Your task » Write out again, exactly, the lines below starting at the one with "Provide a short and direct response. 1.29e+08." and ending at the one with "Give a very brief answer. 2.18e+08.".

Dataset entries
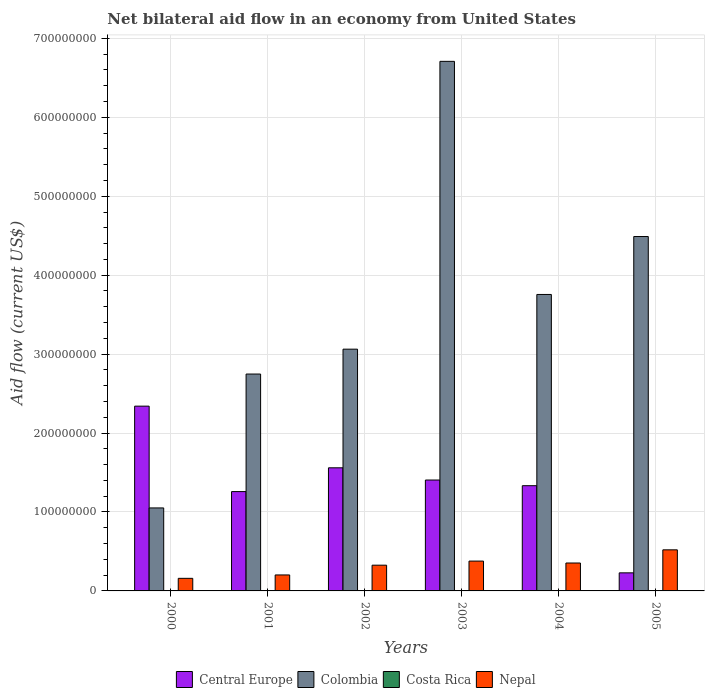Are the number of bars per tick equal to the number of legend labels?
Offer a very short reply. No. How many bars are there on the 5th tick from the left?
Your answer should be very brief. 3. What is the label of the 2nd group of bars from the left?
Your answer should be compact. 2001. What is the net bilateral aid flow in Colombia in 2002?
Your answer should be very brief. 3.06e+08. Across all years, what is the maximum net bilateral aid flow in Central Europe?
Ensure brevity in your answer.  2.34e+08. Across all years, what is the minimum net bilateral aid flow in Central Europe?
Make the answer very short. 2.29e+07. What is the total net bilateral aid flow in Costa Rica in the graph?
Give a very brief answer. 0. What is the difference between the net bilateral aid flow in Colombia in 2001 and that in 2004?
Give a very brief answer. -1.01e+08. What is the difference between the net bilateral aid flow in Colombia in 2000 and the net bilateral aid flow in Costa Rica in 2004?
Provide a short and direct response. 1.05e+08. In the year 2003, what is the difference between the net bilateral aid flow in Colombia and net bilateral aid flow in Nepal?
Provide a succinct answer. 6.33e+08. In how many years, is the net bilateral aid flow in Costa Rica greater than 300000000 US$?
Provide a succinct answer. 0. What is the ratio of the net bilateral aid flow in Colombia in 2001 to that in 2002?
Provide a short and direct response. 0.9. Is the net bilateral aid flow in Central Europe in 2000 less than that in 2002?
Make the answer very short. No. What is the difference between the highest and the second highest net bilateral aid flow in Nepal?
Give a very brief answer. 1.42e+07. What is the difference between the highest and the lowest net bilateral aid flow in Nepal?
Ensure brevity in your answer.  3.61e+07. In how many years, is the net bilateral aid flow in Costa Rica greater than the average net bilateral aid flow in Costa Rica taken over all years?
Your answer should be compact. 0. Is the sum of the net bilateral aid flow in Nepal in 2000 and 2004 greater than the maximum net bilateral aid flow in Central Europe across all years?
Offer a very short reply. No. Are all the bars in the graph horizontal?
Offer a very short reply. No. What is the difference between two consecutive major ticks on the Y-axis?
Your answer should be compact. 1.00e+08. Does the graph contain any zero values?
Keep it short and to the point. Yes. Does the graph contain grids?
Ensure brevity in your answer.  Yes. Where does the legend appear in the graph?
Make the answer very short. Bottom center. What is the title of the graph?
Provide a succinct answer. Net bilateral aid flow in an economy from United States. Does "Latvia" appear as one of the legend labels in the graph?
Your answer should be very brief. No. What is the label or title of the X-axis?
Keep it short and to the point. Years. What is the Aid flow (current US$) of Central Europe in 2000?
Provide a short and direct response. 2.34e+08. What is the Aid flow (current US$) in Colombia in 2000?
Your response must be concise. 1.05e+08. What is the Aid flow (current US$) in Costa Rica in 2000?
Offer a terse response. 0. What is the Aid flow (current US$) of Nepal in 2000?
Your answer should be compact. 1.60e+07. What is the Aid flow (current US$) of Central Europe in 2001?
Your response must be concise. 1.26e+08. What is the Aid flow (current US$) of Colombia in 2001?
Ensure brevity in your answer.  2.75e+08. What is the Aid flow (current US$) in Nepal in 2001?
Offer a very short reply. 2.02e+07. What is the Aid flow (current US$) of Central Europe in 2002?
Make the answer very short. 1.56e+08. What is the Aid flow (current US$) in Colombia in 2002?
Offer a very short reply. 3.06e+08. What is the Aid flow (current US$) in Nepal in 2002?
Offer a very short reply. 3.26e+07. What is the Aid flow (current US$) of Central Europe in 2003?
Offer a terse response. 1.40e+08. What is the Aid flow (current US$) in Colombia in 2003?
Give a very brief answer. 6.71e+08. What is the Aid flow (current US$) of Costa Rica in 2003?
Make the answer very short. 0. What is the Aid flow (current US$) in Nepal in 2003?
Keep it short and to the point. 3.78e+07. What is the Aid flow (current US$) of Central Europe in 2004?
Your response must be concise. 1.33e+08. What is the Aid flow (current US$) in Colombia in 2004?
Keep it short and to the point. 3.76e+08. What is the Aid flow (current US$) in Costa Rica in 2004?
Offer a terse response. 0. What is the Aid flow (current US$) of Nepal in 2004?
Your answer should be very brief. 3.54e+07. What is the Aid flow (current US$) in Central Europe in 2005?
Provide a short and direct response. 2.29e+07. What is the Aid flow (current US$) in Colombia in 2005?
Provide a short and direct response. 4.49e+08. What is the Aid flow (current US$) of Costa Rica in 2005?
Keep it short and to the point. 0. What is the Aid flow (current US$) in Nepal in 2005?
Your answer should be compact. 5.20e+07. Across all years, what is the maximum Aid flow (current US$) in Central Europe?
Give a very brief answer. 2.34e+08. Across all years, what is the maximum Aid flow (current US$) in Colombia?
Your response must be concise. 6.71e+08. Across all years, what is the maximum Aid flow (current US$) of Nepal?
Your response must be concise. 5.20e+07. Across all years, what is the minimum Aid flow (current US$) in Central Europe?
Your answer should be very brief. 2.29e+07. Across all years, what is the minimum Aid flow (current US$) of Colombia?
Make the answer very short. 1.05e+08. Across all years, what is the minimum Aid flow (current US$) of Nepal?
Offer a very short reply. 1.60e+07. What is the total Aid flow (current US$) of Central Europe in the graph?
Your answer should be compact. 8.13e+08. What is the total Aid flow (current US$) of Colombia in the graph?
Ensure brevity in your answer.  2.18e+09. What is the total Aid flow (current US$) of Nepal in the graph?
Your response must be concise. 1.94e+08. What is the difference between the Aid flow (current US$) in Central Europe in 2000 and that in 2001?
Offer a very short reply. 1.08e+08. What is the difference between the Aid flow (current US$) in Colombia in 2000 and that in 2001?
Give a very brief answer. -1.70e+08. What is the difference between the Aid flow (current US$) in Nepal in 2000 and that in 2001?
Offer a terse response. -4.28e+06. What is the difference between the Aid flow (current US$) of Central Europe in 2000 and that in 2002?
Give a very brief answer. 7.81e+07. What is the difference between the Aid flow (current US$) of Colombia in 2000 and that in 2002?
Your answer should be compact. -2.01e+08. What is the difference between the Aid flow (current US$) in Nepal in 2000 and that in 2002?
Offer a terse response. -1.66e+07. What is the difference between the Aid flow (current US$) in Central Europe in 2000 and that in 2003?
Your response must be concise. 9.36e+07. What is the difference between the Aid flow (current US$) of Colombia in 2000 and that in 2003?
Your response must be concise. -5.66e+08. What is the difference between the Aid flow (current US$) of Nepal in 2000 and that in 2003?
Provide a succinct answer. -2.18e+07. What is the difference between the Aid flow (current US$) of Central Europe in 2000 and that in 2004?
Your answer should be compact. 1.01e+08. What is the difference between the Aid flow (current US$) of Colombia in 2000 and that in 2004?
Make the answer very short. -2.70e+08. What is the difference between the Aid flow (current US$) in Nepal in 2000 and that in 2004?
Make the answer very short. -1.94e+07. What is the difference between the Aid flow (current US$) in Central Europe in 2000 and that in 2005?
Offer a very short reply. 2.11e+08. What is the difference between the Aid flow (current US$) in Colombia in 2000 and that in 2005?
Provide a succinct answer. -3.44e+08. What is the difference between the Aid flow (current US$) of Nepal in 2000 and that in 2005?
Offer a very short reply. -3.61e+07. What is the difference between the Aid flow (current US$) in Central Europe in 2001 and that in 2002?
Ensure brevity in your answer.  -3.01e+07. What is the difference between the Aid flow (current US$) of Colombia in 2001 and that in 2002?
Offer a terse response. -3.15e+07. What is the difference between the Aid flow (current US$) of Nepal in 2001 and that in 2002?
Your answer should be compact. -1.24e+07. What is the difference between the Aid flow (current US$) in Central Europe in 2001 and that in 2003?
Your answer should be compact. -1.46e+07. What is the difference between the Aid flow (current US$) of Colombia in 2001 and that in 2003?
Ensure brevity in your answer.  -3.96e+08. What is the difference between the Aid flow (current US$) in Nepal in 2001 and that in 2003?
Offer a terse response. -1.76e+07. What is the difference between the Aid flow (current US$) of Central Europe in 2001 and that in 2004?
Give a very brief answer. -7.45e+06. What is the difference between the Aid flow (current US$) in Colombia in 2001 and that in 2004?
Your response must be concise. -1.01e+08. What is the difference between the Aid flow (current US$) in Nepal in 2001 and that in 2004?
Give a very brief answer. -1.51e+07. What is the difference between the Aid flow (current US$) of Central Europe in 2001 and that in 2005?
Provide a succinct answer. 1.03e+08. What is the difference between the Aid flow (current US$) of Colombia in 2001 and that in 2005?
Offer a terse response. -1.74e+08. What is the difference between the Aid flow (current US$) in Nepal in 2001 and that in 2005?
Keep it short and to the point. -3.18e+07. What is the difference between the Aid flow (current US$) of Central Europe in 2002 and that in 2003?
Ensure brevity in your answer.  1.55e+07. What is the difference between the Aid flow (current US$) in Colombia in 2002 and that in 2003?
Ensure brevity in your answer.  -3.65e+08. What is the difference between the Aid flow (current US$) of Nepal in 2002 and that in 2003?
Offer a terse response. -5.20e+06. What is the difference between the Aid flow (current US$) in Central Europe in 2002 and that in 2004?
Your response must be concise. 2.27e+07. What is the difference between the Aid flow (current US$) in Colombia in 2002 and that in 2004?
Provide a succinct answer. -6.93e+07. What is the difference between the Aid flow (current US$) of Nepal in 2002 and that in 2004?
Give a very brief answer. -2.77e+06. What is the difference between the Aid flow (current US$) in Central Europe in 2002 and that in 2005?
Ensure brevity in your answer.  1.33e+08. What is the difference between the Aid flow (current US$) of Colombia in 2002 and that in 2005?
Offer a very short reply. -1.43e+08. What is the difference between the Aid flow (current US$) in Nepal in 2002 and that in 2005?
Ensure brevity in your answer.  -1.94e+07. What is the difference between the Aid flow (current US$) in Central Europe in 2003 and that in 2004?
Make the answer very short. 7.19e+06. What is the difference between the Aid flow (current US$) in Colombia in 2003 and that in 2004?
Offer a very short reply. 2.95e+08. What is the difference between the Aid flow (current US$) of Nepal in 2003 and that in 2004?
Offer a very short reply. 2.43e+06. What is the difference between the Aid flow (current US$) of Central Europe in 2003 and that in 2005?
Offer a very short reply. 1.18e+08. What is the difference between the Aid flow (current US$) in Colombia in 2003 and that in 2005?
Your answer should be compact. 2.22e+08. What is the difference between the Aid flow (current US$) of Nepal in 2003 and that in 2005?
Keep it short and to the point. -1.42e+07. What is the difference between the Aid flow (current US$) in Central Europe in 2004 and that in 2005?
Offer a terse response. 1.10e+08. What is the difference between the Aid flow (current US$) in Colombia in 2004 and that in 2005?
Your response must be concise. -7.34e+07. What is the difference between the Aid flow (current US$) of Nepal in 2004 and that in 2005?
Give a very brief answer. -1.67e+07. What is the difference between the Aid flow (current US$) of Central Europe in 2000 and the Aid flow (current US$) of Colombia in 2001?
Provide a succinct answer. -4.07e+07. What is the difference between the Aid flow (current US$) in Central Europe in 2000 and the Aid flow (current US$) in Nepal in 2001?
Offer a terse response. 2.14e+08. What is the difference between the Aid flow (current US$) in Colombia in 2000 and the Aid flow (current US$) in Nepal in 2001?
Ensure brevity in your answer.  8.49e+07. What is the difference between the Aid flow (current US$) in Central Europe in 2000 and the Aid flow (current US$) in Colombia in 2002?
Make the answer very short. -7.22e+07. What is the difference between the Aid flow (current US$) of Central Europe in 2000 and the Aid flow (current US$) of Nepal in 2002?
Make the answer very short. 2.01e+08. What is the difference between the Aid flow (current US$) in Colombia in 2000 and the Aid flow (current US$) in Nepal in 2002?
Make the answer very short. 7.25e+07. What is the difference between the Aid flow (current US$) in Central Europe in 2000 and the Aid flow (current US$) in Colombia in 2003?
Make the answer very short. -4.37e+08. What is the difference between the Aid flow (current US$) of Central Europe in 2000 and the Aid flow (current US$) of Nepal in 2003?
Give a very brief answer. 1.96e+08. What is the difference between the Aid flow (current US$) of Colombia in 2000 and the Aid flow (current US$) of Nepal in 2003?
Make the answer very short. 6.73e+07. What is the difference between the Aid flow (current US$) of Central Europe in 2000 and the Aid flow (current US$) of Colombia in 2004?
Your response must be concise. -1.42e+08. What is the difference between the Aid flow (current US$) of Central Europe in 2000 and the Aid flow (current US$) of Nepal in 2004?
Your answer should be compact. 1.99e+08. What is the difference between the Aid flow (current US$) of Colombia in 2000 and the Aid flow (current US$) of Nepal in 2004?
Offer a very short reply. 6.98e+07. What is the difference between the Aid flow (current US$) in Central Europe in 2000 and the Aid flow (current US$) in Colombia in 2005?
Provide a succinct answer. -2.15e+08. What is the difference between the Aid flow (current US$) in Central Europe in 2000 and the Aid flow (current US$) in Nepal in 2005?
Your response must be concise. 1.82e+08. What is the difference between the Aid flow (current US$) of Colombia in 2000 and the Aid flow (current US$) of Nepal in 2005?
Keep it short and to the point. 5.31e+07. What is the difference between the Aid flow (current US$) in Central Europe in 2001 and the Aid flow (current US$) in Colombia in 2002?
Offer a very short reply. -1.80e+08. What is the difference between the Aid flow (current US$) in Central Europe in 2001 and the Aid flow (current US$) in Nepal in 2002?
Provide a succinct answer. 9.32e+07. What is the difference between the Aid flow (current US$) of Colombia in 2001 and the Aid flow (current US$) of Nepal in 2002?
Your answer should be compact. 2.42e+08. What is the difference between the Aid flow (current US$) in Central Europe in 2001 and the Aid flow (current US$) in Colombia in 2003?
Your answer should be compact. -5.45e+08. What is the difference between the Aid flow (current US$) in Central Europe in 2001 and the Aid flow (current US$) in Nepal in 2003?
Your response must be concise. 8.80e+07. What is the difference between the Aid flow (current US$) of Colombia in 2001 and the Aid flow (current US$) of Nepal in 2003?
Offer a very short reply. 2.37e+08. What is the difference between the Aid flow (current US$) in Central Europe in 2001 and the Aid flow (current US$) in Colombia in 2004?
Your response must be concise. -2.50e+08. What is the difference between the Aid flow (current US$) in Central Europe in 2001 and the Aid flow (current US$) in Nepal in 2004?
Your answer should be compact. 9.05e+07. What is the difference between the Aid flow (current US$) in Colombia in 2001 and the Aid flow (current US$) in Nepal in 2004?
Ensure brevity in your answer.  2.39e+08. What is the difference between the Aid flow (current US$) of Central Europe in 2001 and the Aid flow (current US$) of Colombia in 2005?
Keep it short and to the point. -3.23e+08. What is the difference between the Aid flow (current US$) of Central Europe in 2001 and the Aid flow (current US$) of Nepal in 2005?
Provide a succinct answer. 7.38e+07. What is the difference between the Aid flow (current US$) of Colombia in 2001 and the Aid flow (current US$) of Nepal in 2005?
Ensure brevity in your answer.  2.23e+08. What is the difference between the Aid flow (current US$) of Central Europe in 2002 and the Aid flow (current US$) of Colombia in 2003?
Give a very brief answer. -5.15e+08. What is the difference between the Aid flow (current US$) in Central Europe in 2002 and the Aid flow (current US$) in Nepal in 2003?
Provide a short and direct response. 1.18e+08. What is the difference between the Aid flow (current US$) of Colombia in 2002 and the Aid flow (current US$) of Nepal in 2003?
Keep it short and to the point. 2.68e+08. What is the difference between the Aid flow (current US$) in Central Europe in 2002 and the Aid flow (current US$) in Colombia in 2004?
Make the answer very short. -2.20e+08. What is the difference between the Aid flow (current US$) in Central Europe in 2002 and the Aid flow (current US$) in Nepal in 2004?
Provide a succinct answer. 1.21e+08. What is the difference between the Aid flow (current US$) in Colombia in 2002 and the Aid flow (current US$) in Nepal in 2004?
Keep it short and to the point. 2.71e+08. What is the difference between the Aid flow (current US$) in Central Europe in 2002 and the Aid flow (current US$) in Colombia in 2005?
Provide a short and direct response. -2.93e+08. What is the difference between the Aid flow (current US$) in Central Europe in 2002 and the Aid flow (current US$) in Nepal in 2005?
Your response must be concise. 1.04e+08. What is the difference between the Aid flow (current US$) of Colombia in 2002 and the Aid flow (current US$) of Nepal in 2005?
Your answer should be very brief. 2.54e+08. What is the difference between the Aid flow (current US$) of Central Europe in 2003 and the Aid flow (current US$) of Colombia in 2004?
Your answer should be compact. -2.35e+08. What is the difference between the Aid flow (current US$) of Central Europe in 2003 and the Aid flow (current US$) of Nepal in 2004?
Your response must be concise. 1.05e+08. What is the difference between the Aid flow (current US$) of Colombia in 2003 and the Aid flow (current US$) of Nepal in 2004?
Your answer should be very brief. 6.35e+08. What is the difference between the Aid flow (current US$) of Central Europe in 2003 and the Aid flow (current US$) of Colombia in 2005?
Your answer should be compact. -3.08e+08. What is the difference between the Aid flow (current US$) in Central Europe in 2003 and the Aid flow (current US$) in Nepal in 2005?
Make the answer very short. 8.84e+07. What is the difference between the Aid flow (current US$) of Colombia in 2003 and the Aid flow (current US$) of Nepal in 2005?
Offer a very short reply. 6.19e+08. What is the difference between the Aid flow (current US$) of Central Europe in 2004 and the Aid flow (current US$) of Colombia in 2005?
Give a very brief answer. -3.16e+08. What is the difference between the Aid flow (current US$) in Central Europe in 2004 and the Aid flow (current US$) in Nepal in 2005?
Provide a short and direct response. 8.12e+07. What is the difference between the Aid flow (current US$) of Colombia in 2004 and the Aid flow (current US$) of Nepal in 2005?
Ensure brevity in your answer.  3.24e+08. What is the average Aid flow (current US$) in Central Europe per year?
Your response must be concise. 1.35e+08. What is the average Aid flow (current US$) of Colombia per year?
Make the answer very short. 3.64e+08. What is the average Aid flow (current US$) of Nepal per year?
Provide a short and direct response. 3.23e+07. In the year 2000, what is the difference between the Aid flow (current US$) in Central Europe and Aid flow (current US$) in Colombia?
Provide a short and direct response. 1.29e+08. In the year 2000, what is the difference between the Aid flow (current US$) of Central Europe and Aid flow (current US$) of Nepal?
Give a very brief answer. 2.18e+08. In the year 2000, what is the difference between the Aid flow (current US$) in Colombia and Aid flow (current US$) in Nepal?
Keep it short and to the point. 8.92e+07. In the year 2001, what is the difference between the Aid flow (current US$) of Central Europe and Aid flow (current US$) of Colombia?
Keep it short and to the point. -1.49e+08. In the year 2001, what is the difference between the Aid flow (current US$) in Central Europe and Aid flow (current US$) in Nepal?
Keep it short and to the point. 1.06e+08. In the year 2001, what is the difference between the Aid flow (current US$) in Colombia and Aid flow (current US$) in Nepal?
Give a very brief answer. 2.55e+08. In the year 2002, what is the difference between the Aid flow (current US$) of Central Europe and Aid flow (current US$) of Colombia?
Keep it short and to the point. -1.50e+08. In the year 2002, what is the difference between the Aid flow (current US$) in Central Europe and Aid flow (current US$) in Nepal?
Offer a very short reply. 1.23e+08. In the year 2002, what is the difference between the Aid flow (current US$) of Colombia and Aid flow (current US$) of Nepal?
Your answer should be compact. 2.74e+08. In the year 2003, what is the difference between the Aid flow (current US$) in Central Europe and Aid flow (current US$) in Colombia?
Ensure brevity in your answer.  -5.30e+08. In the year 2003, what is the difference between the Aid flow (current US$) in Central Europe and Aid flow (current US$) in Nepal?
Your response must be concise. 1.03e+08. In the year 2003, what is the difference between the Aid flow (current US$) in Colombia and Aid flow (current US$) in Nepal?
Your answer should be compact. 6.33e+08. In the year 2004, what is the difference between the Aid flow (current US$) in Central Europe and Aid flow (current US$) in Colombia?
Your answer should be very brief. -2.42e+08. In the year 2004, what is the difference between the Aid flow (current US$) of Central Europe and Aid flow (current US$) of Nepal?
Your answer should be very brief. 9.79e+07. In the year 2004, what is the difference between the Aid flow (current US$) in Colombia and Aid flow (current US$) in Nepal?
Offer a very short reply. 3.40e+08. In the year 2005, what is the difference between the Aid flow (current US$) in Central Europe and Aid flow (current US$) in Colombia?
Provide a short and direct response. -4.26e+08. In the year 2005, what is the difference between the Aid flow (current US$) of Central Europe and Aid flow (current US$) of Nepal?
Your response must be concise. -2.92e+07. In the year 2005, what is the difference between the Aid flow (current US$) of Colombia and Aid flow (current US$) of Nepal?
Ensure brevity in your answer.  3.97e+08. What is the ratio of the Aid flow (current US$) of Central Europe in 2000 to that in 2001?
Ensure brevity in your answer.  1.86. What is the ratio of the Aid flow (current US$) of Colombia in 2000 to that in 2001?
Keep it short and to the point. 0.38. What is the ratio of the Aid flow (current US$) of Nepal in 2000 to that in 2001?
Keep it short and to the point. 0.79. What is the ratio of the Aid flow (current US$) of Central Europe in 2000 to that in 2002?
Provide a succinct answer. 1.5. What is the ratio of the Aid flow (current US$) of Colombia in 2000 to that in 2002?
Your answer should be compact. 0.34. What is the ratio of the Aid flow (current US$) in Nepal in 2000 to that in 2002?
Keep it short and to the point. 0.49. What is the ratio of the Aid flow (current US$) of Central Europe in 2000 to that in 2003?
Your response must be concise. 1.67. What is the ratio of the Aid flow (current US$) of Colombia in 2000 to that in 2003?
Make the answer very short. 0.16. What is the ratio of the Aid flow (current US$) in Nepal in 2000 to that in 2003?
Your response must be concise. 0.42. What is the ratio of the Aid flow (current US$) of Central Europe in 2000 to that in 2004?
Your answer should be very brief. 1.76. What is the ratio of the Aid flow (current US$) in Colombia in 2000 to that in 2004?
Your answer should be very brief. 0.28. What is the ratio of the Aid flow (current US$) in Nepal in 2000 to that in 2004?
Ensure brevity in your answer.  0.45. What is the ratio of the Aid flow (current US$) in Central Europe in 2000 to that in 2005?
Provide a short and direct response. 10.23. What is the ratio of the Aid flow (current US$) in Colombia in 2000 to that in 2005?
Provide a short and direct response. 0.23. What is the ratio of the Aid flow (current US$) in Nepal in 2000 to that in 2005?
Provide a succinct answer. 0.31. What is the ratio of the Aid flow (current US$) in Central Europe in 2001 to that in 2002?
Your response must be concise. 0.81. What is the ratio of the Aid flow (current US$) of Colombia in 2001 to that in 2002?
Your response must be concise. 0.9. What is the ratio of the Aid flow (current US$) of Nepal in 2001 to that in 2002?
Your answer should be very brief. 0.62. What is the ratio of the Aid flow (current US$) of Central Europe in 2001 to that in 2003?
Make the answer very short. 0.9. What is the ratio of the Aid flow (current US$) of Colombia in 2001 to that in 2003?
Provide a short and direct response. 0.41. What is the ratio of the Aid flow (current US$) of Nepal in 2001 to that in 2003?
Offer a terse response. 0.54. What is the ratio of the Aid flow (current US$) in Central Europe in 2001 to that in 2004?
Keep it short and to the point. 0.94. What is the ratio of the Aid flow (current US$) in Colombia in 2001 to that in 2004?
Your response must be concise. 0.73. What is the ratio of the Aid flow (current US$) in Nepal in 2001 to that in 2004?
Your answer should be very brief. 0.57. What is the ratio of the Aid flow (current US$) in Central Europe in 2001 to that in 2005?
Provide a short and direct response. 5.5. What is the ratio of the Aid flow (current US$) of Colombia in 2001 to that in 2005?
Give a very brief answer. 0.61. What is the ratio of the Aid flow (current US$) in Nepal in 2001 to that in 2005?
Keep it short and to the point. 0.39. What is the ratio of the Aid flow (current US$) of Central Europe in 2002 to that in 2003?
Your answer should be very brief. 1.11. What is the ratio of the Aid flow (current US$) of Colombia in 2002 to that in 2003?
Keep it short and to the point. 0.46. What is the ratio of the Aid flow (current US$) in Nepal in 2002 to that in 2003?
Your response must be concise. 0.86. What is the ratio of the Aid flow (current US$) in Central Europe in 2002 to that in 2004?
Provide a succinct answer. 1.17. What is the ratio of the Aid flow (current US$) of Colombia in 2002 to that in 2004?
Provide a succinct answer. 0.82. What is the ratio of the Aid flow (current US$) in Nepal in 2002 to that in 2004?
Provide a short and direct response. 0.92. What is the ratio of the Aid flow (current US$) of Central Europe in 2002 to that in 2005?
Your answer should be very brief. 6.81. What is the ratio of the Aid flow (current US$) of Colombia in 2002 to that in 2005?
Provide a succinct answer. 0.68. What is the ratio of the Aid flow (current US$) of Nepal in 2002 to that in 2005?
Your answer should be compact. 0.63. What is the ratio of the Aid flow (current US$) in Central Europe in 2003 to that in 2004?
Your answer should be compact. 1.05. What is the ratio of the Aid flow (current US$) in Colombia in 2003 to that in 2004?
Provide a succinct answer. 1.79. What is the ratio of the Aid flow (current US$) in Nepal in 2003 to that in 2004?
Ensure brevity in your answer.  1.07. What is the ratio of the Aid flow (current US$) of Central Europe in 2003 to that in 2005?
Ensure brevity in your answer.  6.14. What is the ratio of the Aid flow (current US$) in Colombia in 2003 to that in 2005?
Ensure brevity in your answer.  1.49. What is the ratio of the Aid flow (current US$) of Nepal in 2003 to that in 2005?
Your answer should be compact. 0.73. What is the ratio of the Aid flow (current US$) of Central Europe in 2004 to that in 2005?
Offer a very short reply. 5.82. What is the ratio of the Aid flow (current US$) in Colombia in 2004 to that in 2005?
Provide a short and direct response. 0.84. What is the ratio of the Aid flow (current US$) of Nepal in 2004 to that in 2005?
Ensure brevity in your answer.  0.68. What is the difference between the highest and the second highest Aid flow (current US$) of Central Europe?
Your answer should be compact. 7.81e+07. What is the difference between the highest and the second highest Aid flow (current US$) of Colombia?
Keep it short and to the point. 2.22e+08. What is the difference between the highest and the second highest Aid flow (current US$) of Nepal?
Your response must be concise. 1.42e+07. What is the difference between the highest and the lowest Aid flow (current US$) in Central Europe?
Provide a short and direct response. 2.11e+08. What is the difference between the highest and the lowest Aid flow (current US$) of Colombia?
Offer a very short reply. 5.66e+08. What is the difference between the highest and the lowest Aid flow (current US$) of Nepal?
Make the answer very short. 3.61e+07.

Solution to this problem »
Provide a short and direct response. 1.29e+08. In the year 2000, what is the difference between the Aid flow (current US$) of Central Europe and Aid flow (current US$) of Nepal?
Give a very brief answer. 2.18e+08. In the year 2000, what is the difference between the Aid flow (current US$) in Colombia and Aid flow (current US$) in Nepal?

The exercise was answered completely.